In the entries below, identify every line with the string "each" and copy it.
-- Opening Marker --
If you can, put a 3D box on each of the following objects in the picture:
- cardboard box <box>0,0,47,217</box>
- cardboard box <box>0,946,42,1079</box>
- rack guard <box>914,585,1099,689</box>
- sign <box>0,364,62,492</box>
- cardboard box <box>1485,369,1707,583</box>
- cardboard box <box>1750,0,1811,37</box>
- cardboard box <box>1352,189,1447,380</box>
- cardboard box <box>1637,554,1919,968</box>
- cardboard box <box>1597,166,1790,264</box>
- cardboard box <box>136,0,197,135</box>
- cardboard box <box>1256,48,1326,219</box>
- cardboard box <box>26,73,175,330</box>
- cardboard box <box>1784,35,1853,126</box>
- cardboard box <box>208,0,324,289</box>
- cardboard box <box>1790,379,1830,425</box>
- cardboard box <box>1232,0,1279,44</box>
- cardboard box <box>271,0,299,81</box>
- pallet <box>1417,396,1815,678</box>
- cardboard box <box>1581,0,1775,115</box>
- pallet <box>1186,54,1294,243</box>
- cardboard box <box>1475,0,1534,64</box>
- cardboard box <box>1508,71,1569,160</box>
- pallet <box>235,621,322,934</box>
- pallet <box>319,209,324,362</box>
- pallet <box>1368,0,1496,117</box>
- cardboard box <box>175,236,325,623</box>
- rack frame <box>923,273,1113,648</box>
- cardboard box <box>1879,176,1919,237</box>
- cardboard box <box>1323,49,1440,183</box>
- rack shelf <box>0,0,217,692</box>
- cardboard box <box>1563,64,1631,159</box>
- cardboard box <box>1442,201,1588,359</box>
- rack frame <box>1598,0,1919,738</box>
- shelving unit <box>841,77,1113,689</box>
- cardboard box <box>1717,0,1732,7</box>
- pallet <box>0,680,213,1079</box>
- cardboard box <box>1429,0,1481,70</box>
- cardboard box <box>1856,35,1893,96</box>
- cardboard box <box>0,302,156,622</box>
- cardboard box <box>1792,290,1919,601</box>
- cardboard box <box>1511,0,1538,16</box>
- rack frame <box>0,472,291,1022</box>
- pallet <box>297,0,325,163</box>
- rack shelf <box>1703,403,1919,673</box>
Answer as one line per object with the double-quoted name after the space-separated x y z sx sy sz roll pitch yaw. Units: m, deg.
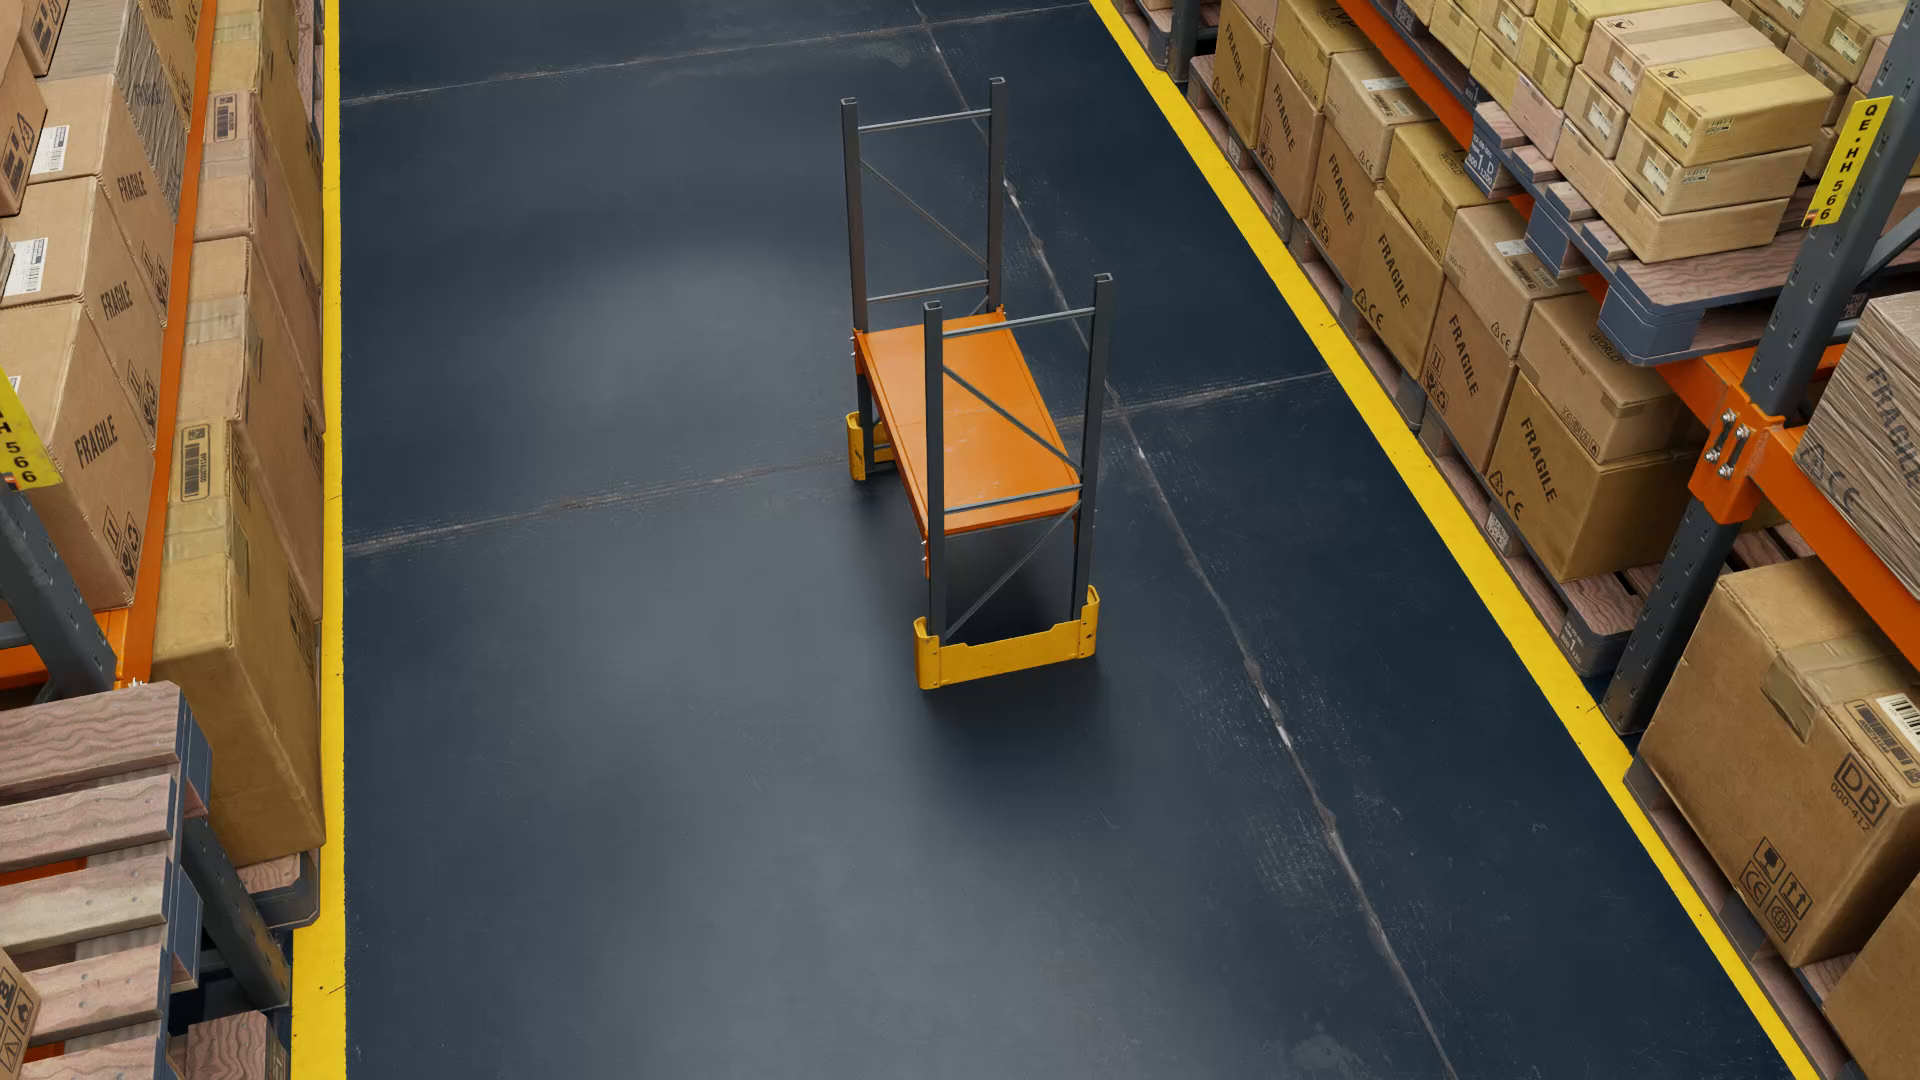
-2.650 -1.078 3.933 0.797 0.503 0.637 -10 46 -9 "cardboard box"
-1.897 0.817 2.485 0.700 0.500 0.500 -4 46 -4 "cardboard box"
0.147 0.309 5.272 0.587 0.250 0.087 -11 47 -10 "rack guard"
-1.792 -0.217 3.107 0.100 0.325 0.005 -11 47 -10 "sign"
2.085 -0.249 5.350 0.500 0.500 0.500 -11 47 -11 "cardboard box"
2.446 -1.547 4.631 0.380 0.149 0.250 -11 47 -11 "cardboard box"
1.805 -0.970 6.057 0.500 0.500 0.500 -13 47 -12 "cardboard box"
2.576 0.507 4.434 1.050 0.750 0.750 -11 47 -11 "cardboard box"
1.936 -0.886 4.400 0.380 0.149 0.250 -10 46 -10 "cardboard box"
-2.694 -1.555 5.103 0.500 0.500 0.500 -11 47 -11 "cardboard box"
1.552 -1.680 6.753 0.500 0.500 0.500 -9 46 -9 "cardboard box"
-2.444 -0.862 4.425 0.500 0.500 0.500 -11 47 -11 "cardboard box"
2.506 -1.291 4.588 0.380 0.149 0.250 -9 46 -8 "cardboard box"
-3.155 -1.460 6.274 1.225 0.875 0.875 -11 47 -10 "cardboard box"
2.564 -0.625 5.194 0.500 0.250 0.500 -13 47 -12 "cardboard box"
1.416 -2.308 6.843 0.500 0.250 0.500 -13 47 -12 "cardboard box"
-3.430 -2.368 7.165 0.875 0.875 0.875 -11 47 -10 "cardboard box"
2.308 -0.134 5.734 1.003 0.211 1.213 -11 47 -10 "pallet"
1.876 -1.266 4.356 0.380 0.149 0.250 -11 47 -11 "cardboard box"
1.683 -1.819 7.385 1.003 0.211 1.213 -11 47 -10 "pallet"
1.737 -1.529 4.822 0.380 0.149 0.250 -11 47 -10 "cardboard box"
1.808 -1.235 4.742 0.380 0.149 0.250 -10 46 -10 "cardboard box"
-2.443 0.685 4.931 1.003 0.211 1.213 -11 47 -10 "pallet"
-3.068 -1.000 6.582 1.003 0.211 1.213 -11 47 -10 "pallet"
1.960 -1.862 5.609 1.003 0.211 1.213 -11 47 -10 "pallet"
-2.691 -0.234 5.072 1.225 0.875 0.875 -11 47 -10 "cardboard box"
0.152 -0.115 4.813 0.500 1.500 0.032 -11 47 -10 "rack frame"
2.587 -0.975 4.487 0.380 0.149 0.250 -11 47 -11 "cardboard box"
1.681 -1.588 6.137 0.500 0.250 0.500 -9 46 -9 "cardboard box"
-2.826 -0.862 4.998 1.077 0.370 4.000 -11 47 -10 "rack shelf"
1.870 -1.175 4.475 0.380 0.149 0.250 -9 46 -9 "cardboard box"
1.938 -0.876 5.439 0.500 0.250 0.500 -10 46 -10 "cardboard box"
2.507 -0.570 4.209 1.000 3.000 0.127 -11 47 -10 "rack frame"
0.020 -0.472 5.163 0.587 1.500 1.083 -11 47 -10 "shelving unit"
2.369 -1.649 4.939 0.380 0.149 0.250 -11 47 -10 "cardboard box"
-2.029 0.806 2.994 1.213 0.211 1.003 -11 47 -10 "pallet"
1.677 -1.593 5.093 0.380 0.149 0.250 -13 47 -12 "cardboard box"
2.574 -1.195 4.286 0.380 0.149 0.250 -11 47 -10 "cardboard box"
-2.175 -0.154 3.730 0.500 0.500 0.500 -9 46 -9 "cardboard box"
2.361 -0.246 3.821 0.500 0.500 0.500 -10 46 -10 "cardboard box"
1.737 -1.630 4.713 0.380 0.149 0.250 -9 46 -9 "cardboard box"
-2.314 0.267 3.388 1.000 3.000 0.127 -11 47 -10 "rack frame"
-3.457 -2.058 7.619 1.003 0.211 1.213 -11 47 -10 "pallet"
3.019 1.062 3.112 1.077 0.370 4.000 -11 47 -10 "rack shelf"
-- Closing Marker --
-- Opening Marker --
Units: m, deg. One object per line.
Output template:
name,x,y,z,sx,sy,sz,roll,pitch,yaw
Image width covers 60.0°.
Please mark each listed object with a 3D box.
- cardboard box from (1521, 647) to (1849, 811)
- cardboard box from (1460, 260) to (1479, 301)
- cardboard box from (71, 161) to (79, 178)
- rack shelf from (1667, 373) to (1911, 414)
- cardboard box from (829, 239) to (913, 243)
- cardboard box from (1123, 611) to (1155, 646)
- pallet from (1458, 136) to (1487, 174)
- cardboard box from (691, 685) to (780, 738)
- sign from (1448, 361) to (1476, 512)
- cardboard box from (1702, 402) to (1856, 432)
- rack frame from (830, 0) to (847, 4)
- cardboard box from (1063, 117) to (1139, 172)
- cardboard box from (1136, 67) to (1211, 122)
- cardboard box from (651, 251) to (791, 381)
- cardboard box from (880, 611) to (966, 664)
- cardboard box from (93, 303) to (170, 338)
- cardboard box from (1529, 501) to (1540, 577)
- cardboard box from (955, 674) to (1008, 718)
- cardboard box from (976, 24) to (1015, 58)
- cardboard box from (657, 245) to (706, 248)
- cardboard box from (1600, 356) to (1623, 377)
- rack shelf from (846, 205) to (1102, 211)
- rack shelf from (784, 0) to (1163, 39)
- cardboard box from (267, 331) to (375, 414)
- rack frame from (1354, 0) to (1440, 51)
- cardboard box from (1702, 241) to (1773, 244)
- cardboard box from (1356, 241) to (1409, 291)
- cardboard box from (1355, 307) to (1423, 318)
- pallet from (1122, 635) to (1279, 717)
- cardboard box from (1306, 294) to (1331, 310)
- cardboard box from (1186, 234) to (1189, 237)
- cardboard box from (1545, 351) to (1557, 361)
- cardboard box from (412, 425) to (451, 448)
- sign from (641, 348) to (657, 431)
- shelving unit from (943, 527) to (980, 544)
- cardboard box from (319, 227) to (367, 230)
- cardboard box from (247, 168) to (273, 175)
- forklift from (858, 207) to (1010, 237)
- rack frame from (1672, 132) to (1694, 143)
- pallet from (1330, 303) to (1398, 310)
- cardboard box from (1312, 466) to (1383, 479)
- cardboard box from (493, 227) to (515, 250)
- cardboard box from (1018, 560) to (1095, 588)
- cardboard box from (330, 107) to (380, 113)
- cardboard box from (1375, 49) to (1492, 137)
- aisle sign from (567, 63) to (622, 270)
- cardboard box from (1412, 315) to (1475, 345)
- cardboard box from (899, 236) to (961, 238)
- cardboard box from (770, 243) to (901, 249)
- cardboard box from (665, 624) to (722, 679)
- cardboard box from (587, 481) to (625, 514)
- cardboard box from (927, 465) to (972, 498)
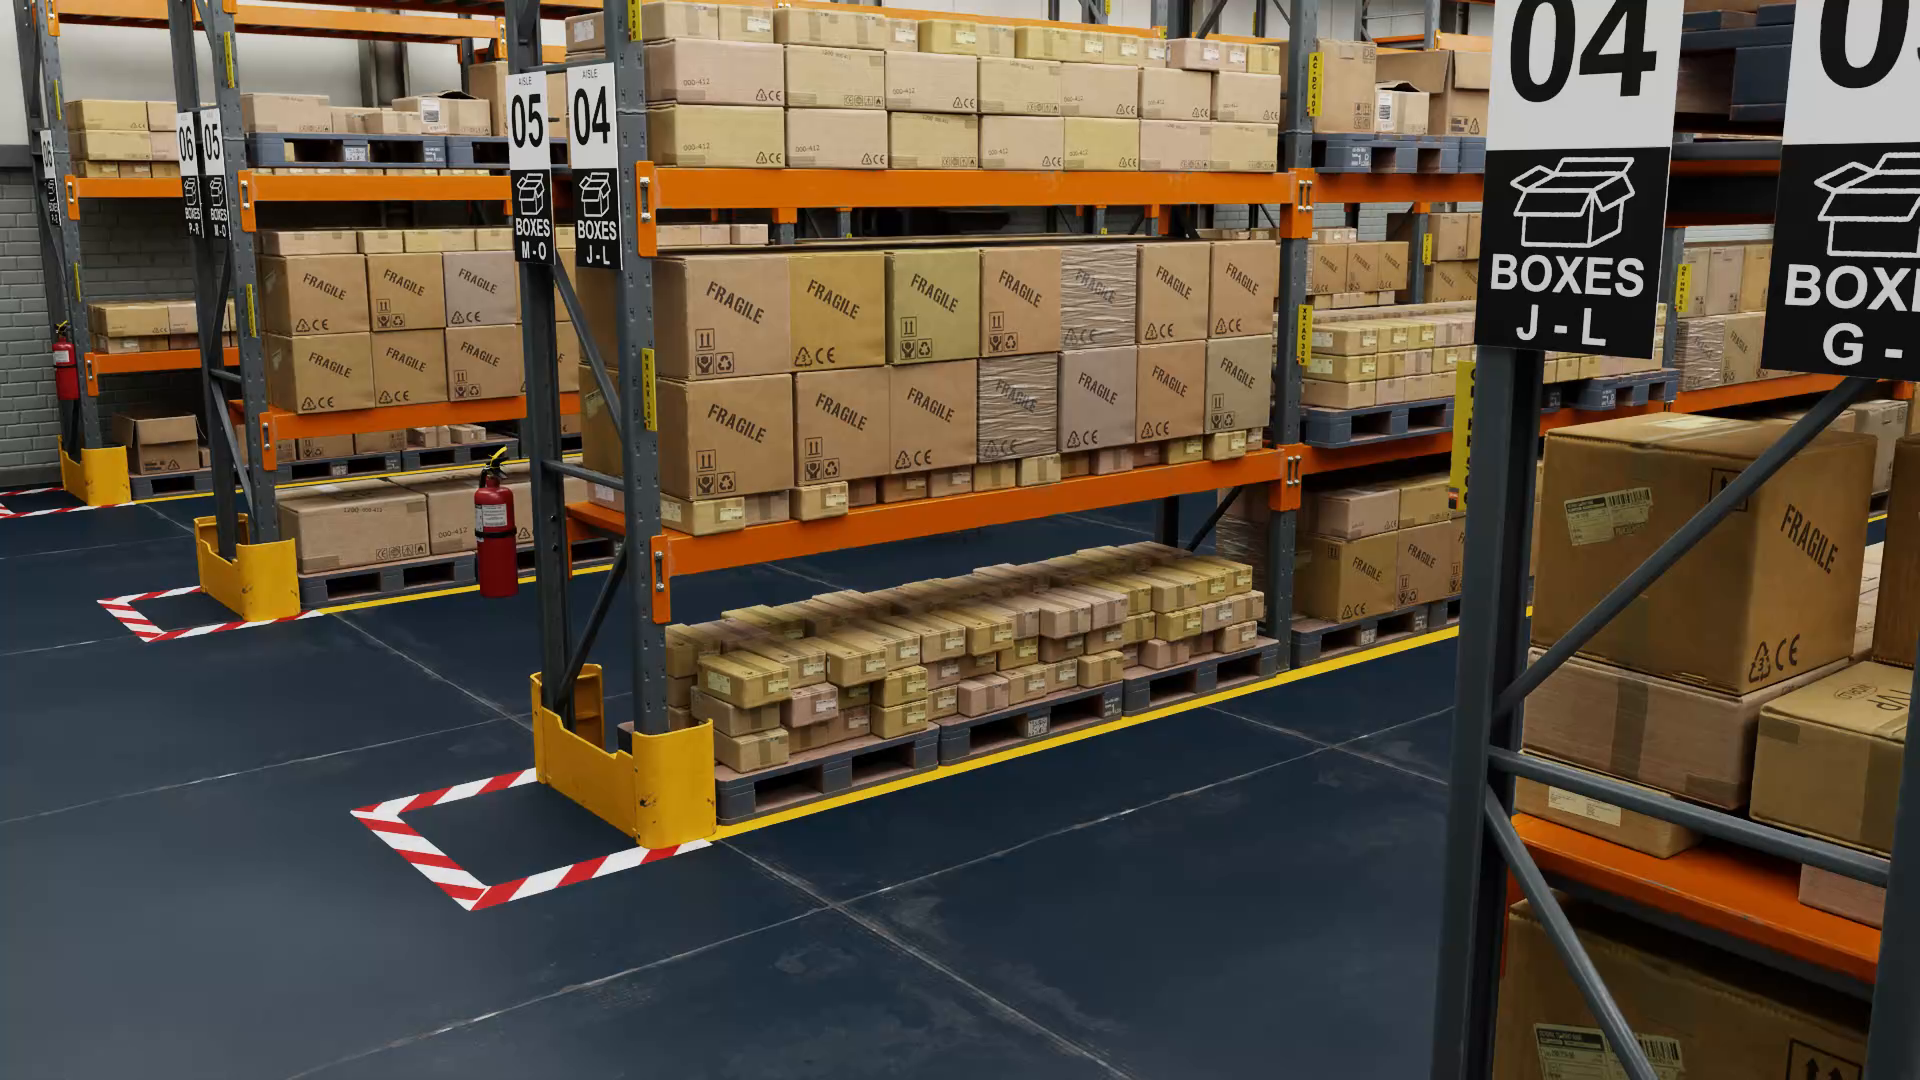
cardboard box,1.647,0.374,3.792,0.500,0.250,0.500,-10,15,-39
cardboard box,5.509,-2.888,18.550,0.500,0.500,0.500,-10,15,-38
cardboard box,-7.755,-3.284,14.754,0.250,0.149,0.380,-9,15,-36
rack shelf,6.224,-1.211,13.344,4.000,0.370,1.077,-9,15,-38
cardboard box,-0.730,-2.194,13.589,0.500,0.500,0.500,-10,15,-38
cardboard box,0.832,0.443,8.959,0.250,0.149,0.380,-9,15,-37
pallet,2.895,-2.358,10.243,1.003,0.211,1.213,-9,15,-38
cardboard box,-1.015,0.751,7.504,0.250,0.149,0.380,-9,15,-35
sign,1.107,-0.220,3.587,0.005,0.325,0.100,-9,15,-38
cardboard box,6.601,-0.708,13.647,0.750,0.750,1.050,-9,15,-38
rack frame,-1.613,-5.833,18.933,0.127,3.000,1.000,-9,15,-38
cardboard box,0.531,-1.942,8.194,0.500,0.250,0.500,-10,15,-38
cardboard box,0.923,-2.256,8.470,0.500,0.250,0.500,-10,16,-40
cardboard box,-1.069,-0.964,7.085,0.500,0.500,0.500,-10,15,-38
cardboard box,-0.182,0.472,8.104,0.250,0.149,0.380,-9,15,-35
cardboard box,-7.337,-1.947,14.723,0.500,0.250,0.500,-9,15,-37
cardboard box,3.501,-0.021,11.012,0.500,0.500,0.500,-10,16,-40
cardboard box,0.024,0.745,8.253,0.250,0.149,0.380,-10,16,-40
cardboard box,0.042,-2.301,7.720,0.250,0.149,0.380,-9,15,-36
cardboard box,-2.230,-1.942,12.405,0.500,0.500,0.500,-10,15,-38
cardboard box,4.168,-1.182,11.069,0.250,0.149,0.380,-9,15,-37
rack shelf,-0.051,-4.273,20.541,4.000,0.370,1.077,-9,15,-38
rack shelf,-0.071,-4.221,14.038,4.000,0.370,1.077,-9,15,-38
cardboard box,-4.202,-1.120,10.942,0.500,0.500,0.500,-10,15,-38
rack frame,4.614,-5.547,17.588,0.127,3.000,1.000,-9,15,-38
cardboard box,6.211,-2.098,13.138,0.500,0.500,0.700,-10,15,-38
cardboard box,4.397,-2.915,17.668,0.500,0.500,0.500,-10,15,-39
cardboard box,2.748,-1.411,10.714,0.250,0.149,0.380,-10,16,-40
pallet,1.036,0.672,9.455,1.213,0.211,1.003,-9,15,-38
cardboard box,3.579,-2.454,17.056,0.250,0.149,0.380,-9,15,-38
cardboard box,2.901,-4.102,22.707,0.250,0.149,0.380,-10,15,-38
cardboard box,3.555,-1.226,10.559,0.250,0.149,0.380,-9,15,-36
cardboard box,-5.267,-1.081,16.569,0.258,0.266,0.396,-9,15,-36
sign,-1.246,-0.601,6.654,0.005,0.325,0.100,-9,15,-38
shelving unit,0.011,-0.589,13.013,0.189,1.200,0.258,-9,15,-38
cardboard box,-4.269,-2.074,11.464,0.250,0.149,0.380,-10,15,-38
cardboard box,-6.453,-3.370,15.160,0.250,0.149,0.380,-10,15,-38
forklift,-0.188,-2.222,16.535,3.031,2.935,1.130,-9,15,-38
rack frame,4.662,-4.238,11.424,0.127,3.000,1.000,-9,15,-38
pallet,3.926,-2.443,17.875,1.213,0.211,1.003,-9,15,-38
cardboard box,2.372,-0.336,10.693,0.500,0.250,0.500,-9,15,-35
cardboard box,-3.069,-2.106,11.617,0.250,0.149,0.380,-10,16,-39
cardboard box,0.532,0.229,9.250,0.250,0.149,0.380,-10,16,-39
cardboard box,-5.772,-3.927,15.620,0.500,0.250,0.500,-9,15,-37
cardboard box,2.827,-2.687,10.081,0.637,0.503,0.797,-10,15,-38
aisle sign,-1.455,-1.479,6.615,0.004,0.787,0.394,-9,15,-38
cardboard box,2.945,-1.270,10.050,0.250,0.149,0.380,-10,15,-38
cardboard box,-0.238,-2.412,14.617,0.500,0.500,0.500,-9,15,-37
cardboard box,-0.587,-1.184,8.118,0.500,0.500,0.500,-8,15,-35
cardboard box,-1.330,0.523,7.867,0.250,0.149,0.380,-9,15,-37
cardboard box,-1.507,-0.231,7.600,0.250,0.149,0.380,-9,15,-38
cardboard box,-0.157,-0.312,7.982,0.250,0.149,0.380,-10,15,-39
-- Closing Marker --
ANSWER SECTION:
If you can, put a 3D box on each of the following objects in the picture:
Please mark each listed object with a 3D box.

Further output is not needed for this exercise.